==== Record extracts
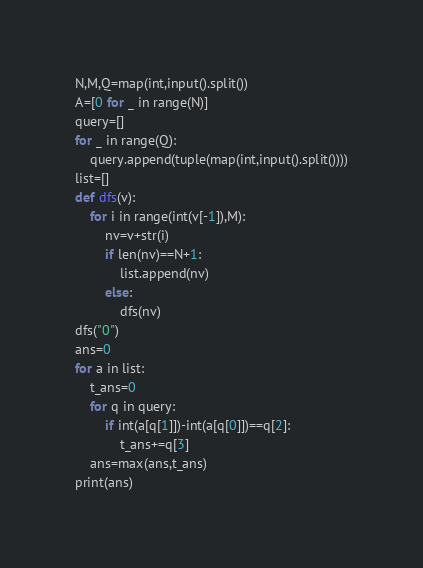Convert code to text. <code><loc_0><loc_0><loc_500><loc_500><_Python_>N,M,Q=map(int,input().split())
A=[0 for _ in range(N)]
query=[]
for _ in range(Q):
    query.append(tuple(map(int,input().split())))
list=[]
def dfs(v):
    for i in range(int(v[-1]),M):
        nv=v+str(i)
        if len(nv)==N+1:
            list.append(nv)
        else:
            dfs(nv)
dfs("0")
ans=0
for a in list:
    t_ans=0
    for q in query:
        if int(a[q[1]])-int(a[q[0]])==q[2]:
            t_ans+=q[3]
    ans=max(ans,t_ans)
print(ans)</code> 
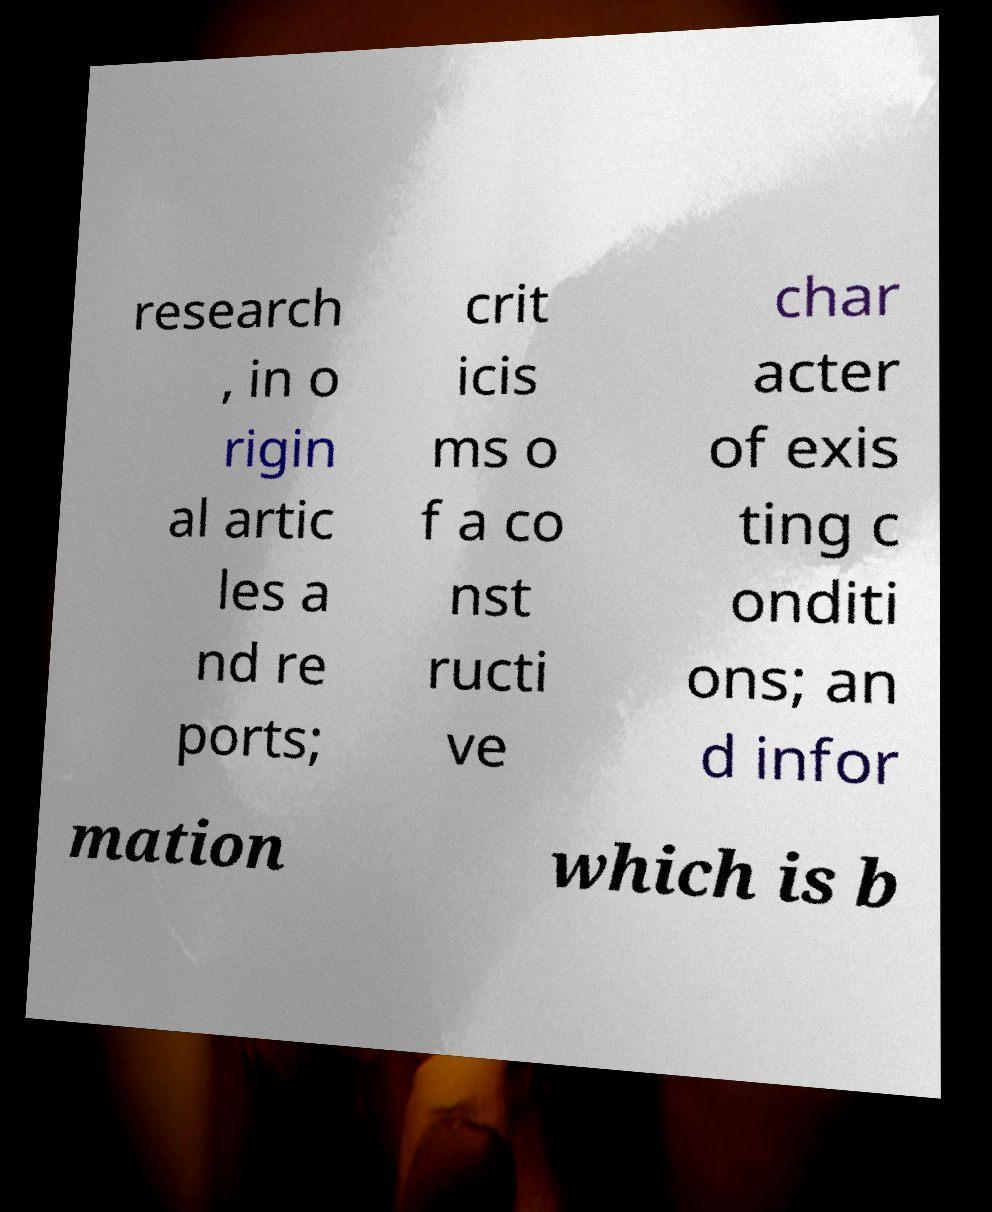Can you accurately transcribe the text from the provided image for me? research , in o rigin al artic les a nd re ports; crit icis ms o f a co nst ructi ve char acter of exis ting c onditi ons; an d infor mation which is b
========
> [What to do]: Whenever a picture appears, leave it out, and return every record exactly.

> [Solution to the exercise]:
Convert code to text. <code><loc_0><loc_0><loc_500><loc_500><_Python_>N,M,Q=map(int,input().split())
A=[0 for _ in range(N)]
query=[]
for _ in range(Q):
    query.append(tuple(map(int,input().split())))
list=[]
def dfs(v):
    for i in range(int(v[-1]),M):
        nv=v+str(i)
        if len(nv)==N+1:
            list.append(nv)
        else:
            dfs(nv)
dfs("0")
ans=0
for a in list:
    t_ans=0
    for q in query:
        if int(a[q[1]])-int(a[q[0]])==q[2]:
            t_ans+=q[3]
    ans=max(ans,t_ans)
print(ans)</code> 
Can you accurately transcribe the text from the provided image for me? research , in o rigin al artic les a nd re ports; crit icis ms o f a co nst ructi ve char acter of exis ting c onditi ons; an d infor mation which is b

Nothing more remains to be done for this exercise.